The Point of It

I could I daresay make the book richer, perhaps immeasurably so…but I am longing to put it out of reach that I may write the poetry it seems to have made possible. I can now…find the simplicity I have sought in vain. I need no longer…spend barren years, as I have done some three of four times, striving with abstractions that substituted themselves for the play I planned (W. B. Yeats, Pt. III of the Dedication to A Vision)

This is one of the hallmarks of spiritualist work. In the end, it is life affirming and brings the worker back to their life. There is less emphasis on the transformation of the life or psyche, than with the bolstering and intensification of it. The questions of power or wealth or sex or status pale in the face of discovering something of your place in life and embracing the potentialities of it fully. It is probably why spiritualism tends to thrive alongside monotheism of one stripe or another, even if the various dogmatic expressions of monotheism are rarely kind toward it: the spiritualist discovers themselves in part through an act of acceptance, of having a place in an order that is larger and strangely intentional, and God is a darn good symbol for that order.

It isn’t the only thing going on in spiritualism, but it is really important and I like seeing it raised at the very beginning of this work.

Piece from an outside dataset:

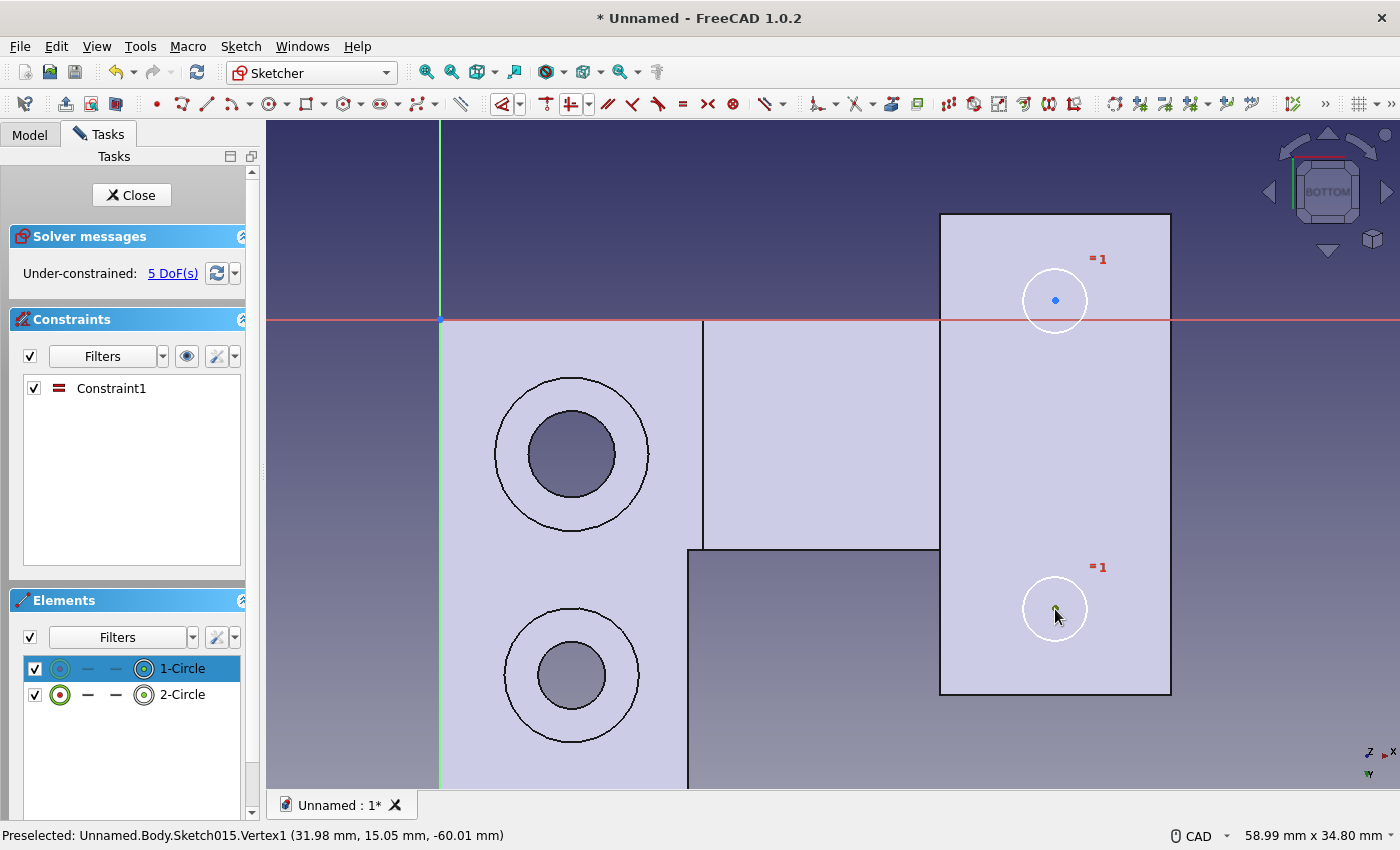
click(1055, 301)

Done right, spiritualism brings us more fully to ourselves.

…I know that the new intensity that seems to have come into all visible and tangible things is not a reaction from that wisdom but its very self…. I murmured, as I have countless times, “I have been part of it always and there is maybe no escape, forgetting and returning life after life like an insect in the roots of the grass.” But murmured it without terror, in exultation almost. (Pt. IV of the Dedication to A Vision)

To work upon your soul because in the work you prepare yourself to play the next part in the cycle, to pass your soul onward like a seed which may yield fruit that you have yet to imagine.